Laying the foundation for a more profitable pharmacy practice

Drug Store News, Nov 3, 1997 by James Frederick

Since then, he said, the Sacramento model has been applied to three other managed MediCal/Medicaid plans over the past year and a half, "and we continue to monitor interventions through the university.

"What that did was demonstrate the dollar value of these types of services," Bystrom continued. "As a result of that, we have met with a couple of health plans and are now finalizing our contracts to perform pharmaceutical interventions with their commercial HMO populations in California, which to us is very exciting because it demonstrates that managed care administrators realize the value that pharmacy provides, and they are willing to pay for it."

Beginning with the 23,000 patients that it was managing in Sacramento, Longs also initiated a pilot program to document the effectiveness of a more targeted disease management effort. Said Bystrom, "We've identified a number of high-risk, high-cost asthmatic patients within that population, and we've provided training and added expertise to a number of our pharmacists within that network."

According to Bystrom, pharmacist patient educators help identify patients who could benefit from the program.
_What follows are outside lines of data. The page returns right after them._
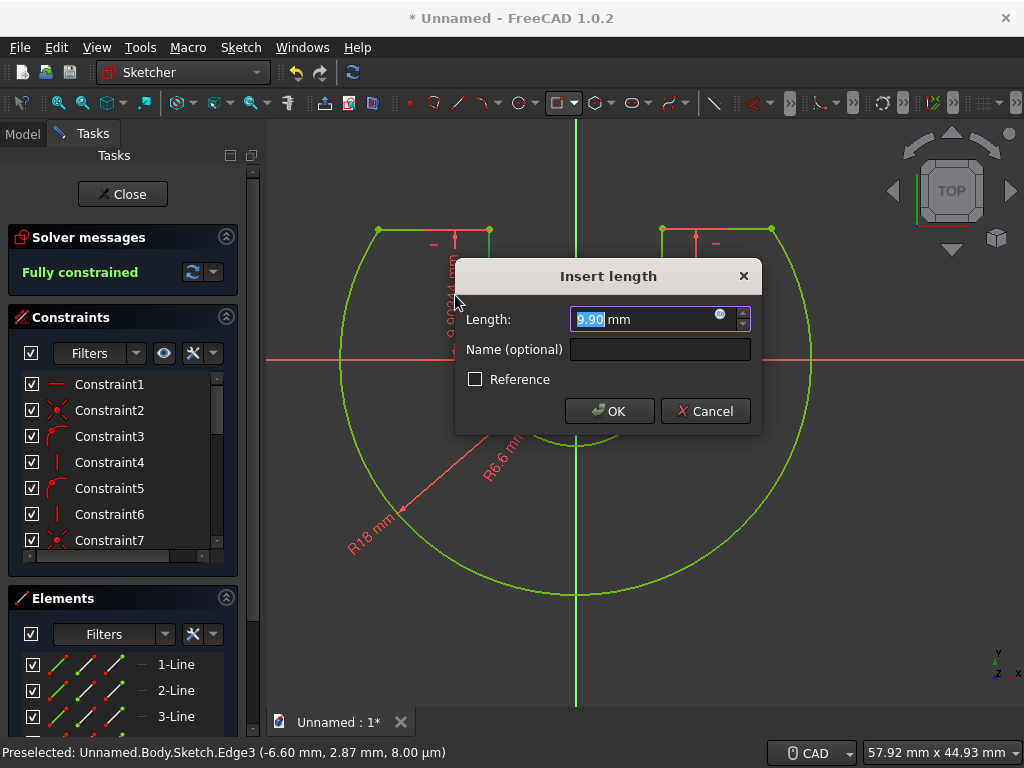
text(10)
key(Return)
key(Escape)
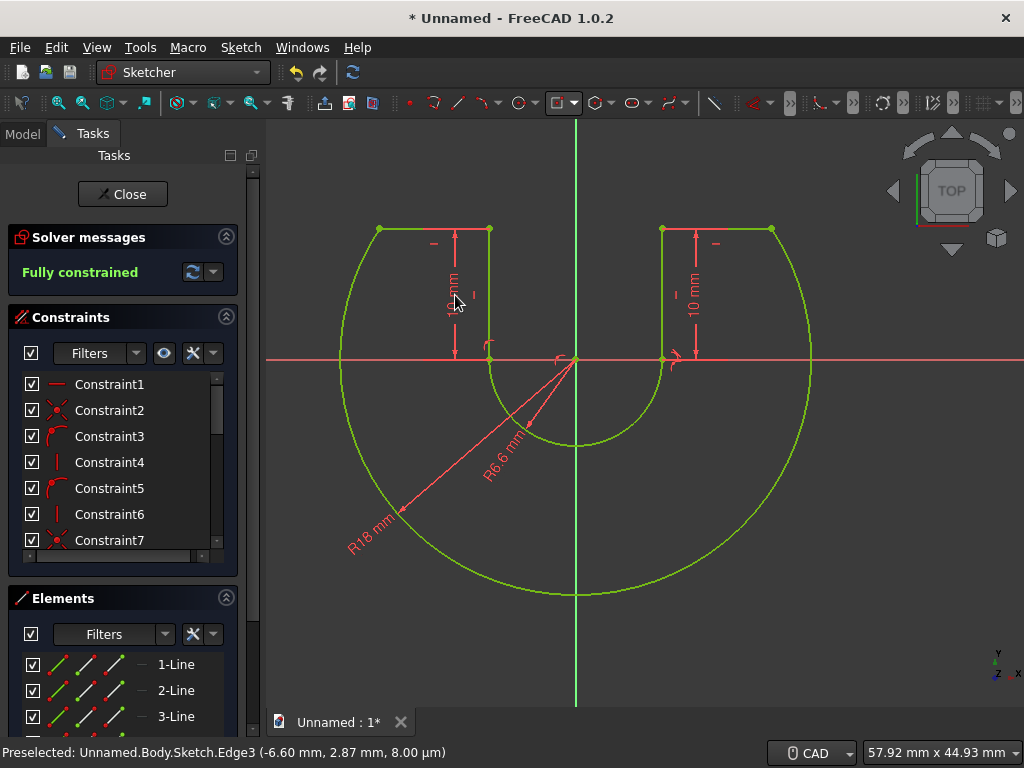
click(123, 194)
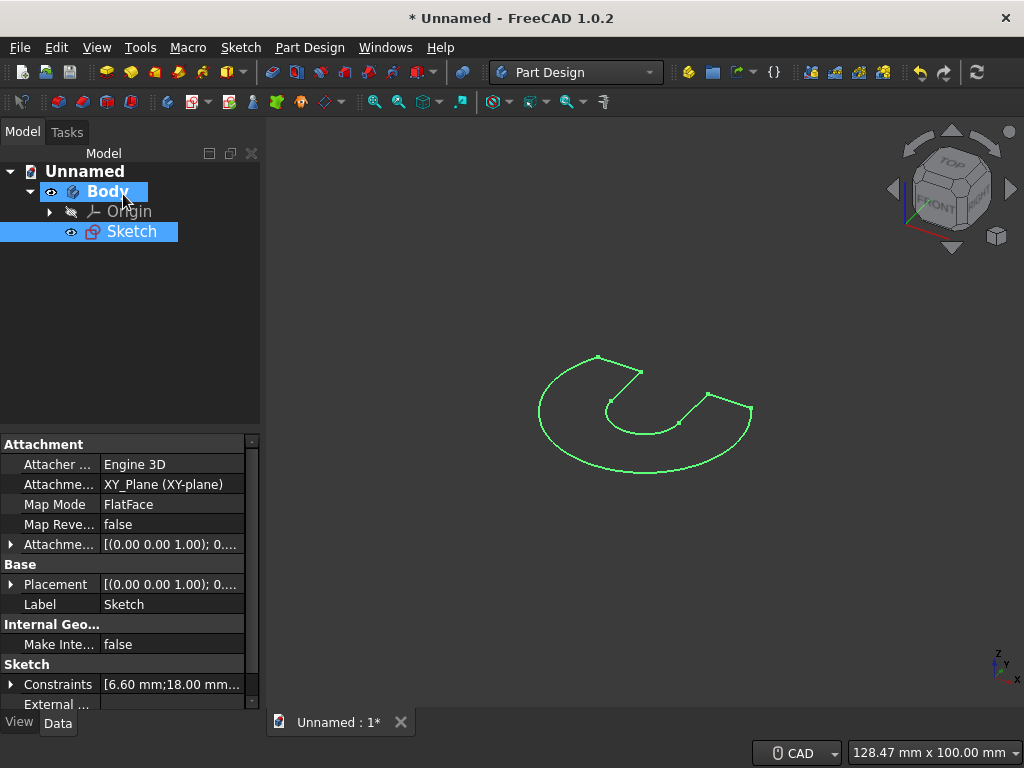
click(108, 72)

Once enrolled, patients are assigned to a pharmacist patient educator, who performs a thorough initial assessment and then provides education and training in the use of metered-dose inhalers and nebulizers. Patient educators also perform monthly or quarterly re-evaluations and consultations, either by appointment or by phone, along with regular compliance follow-ups.
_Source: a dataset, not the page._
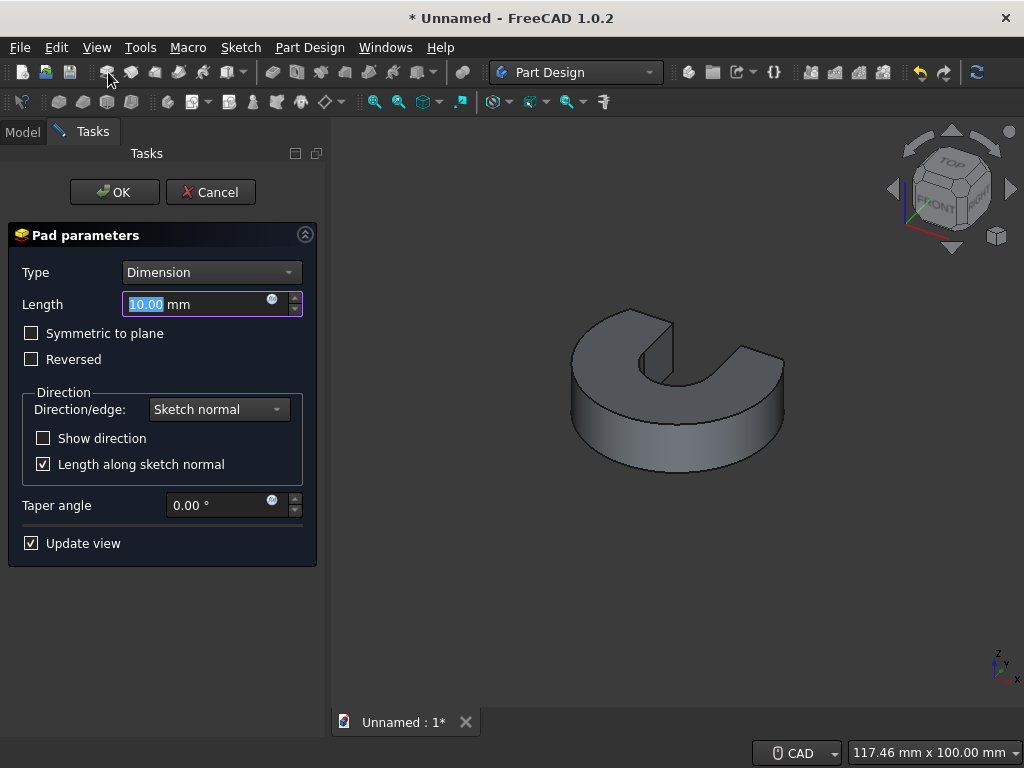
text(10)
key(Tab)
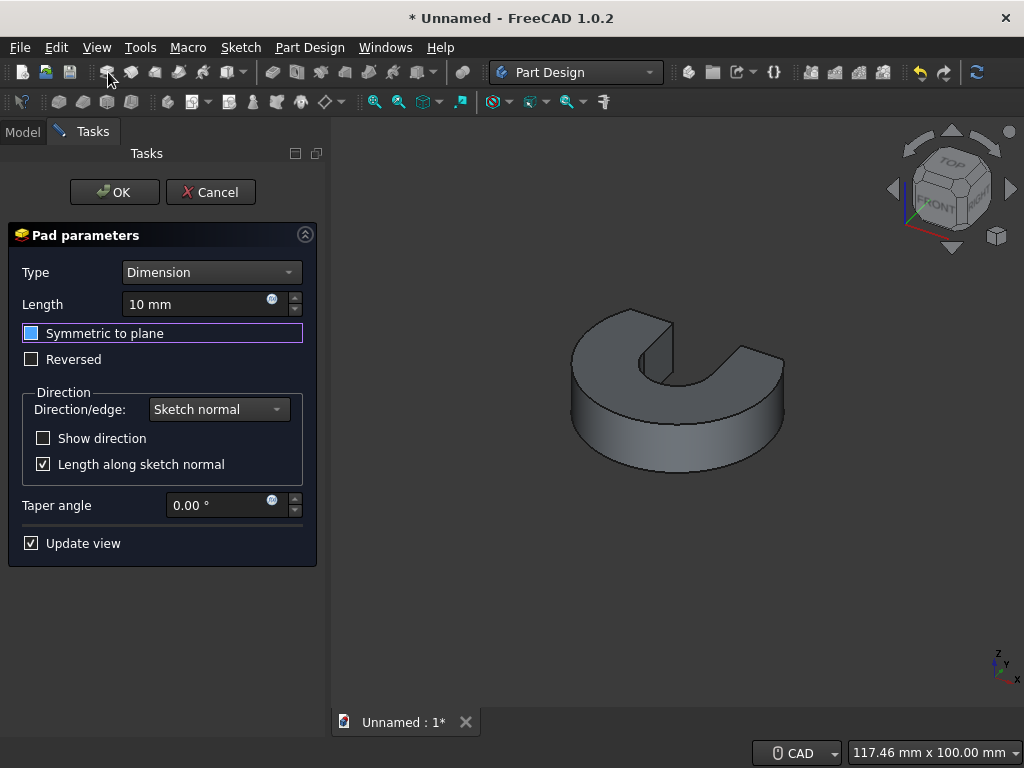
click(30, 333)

The results of those consultations are submitted back to the health plan as well as the primary care physician. Importantly, Longs pharmacies are being paid based on the service performed and time required to perform it, Bystrom said.

"It's been running a little over a year, and our last enrolled patients just finished their first 12 months of the program," Bystrom told Drug Store News. "The savings from reduced hospital and emergency room visits appear to be substantial--75 percent and more, based on very preliminary outcomes data.

Inspired by the success of the effort, Longs is expanding its asthma program to another managed care Medicaid population in Southern California. The new contract will reach 300 to 400 acute asthmatics through a network of as many as 150 pharmacies, Bystrom said.

"For the service to be valuable to the payer, it really needs to address their high-cost members, and wherever they go is where we have to provide the service," he explained. "So, we'll first identify what pharmacies they're using and work with those pharmacies to provide pharmacist education, including non-Longs pharmacies."

Longs has also expanded its growing disease-management capabilities into the area of diabetic care in a pilot now under way in Santa Barbara, Calif. The test also includes other drug stores in the area.

"We were actually approached by a medical group's director of pharmacy, who's working in coordination with an endocrinologist and a medical director," Bystrom said. "On average, it cost their outfit about $125 for any type of intervention they have with their diabetes patients. Their belief was that the pharmacy may be able to do the same functions ... at a much lower cost, together with providing more access to members.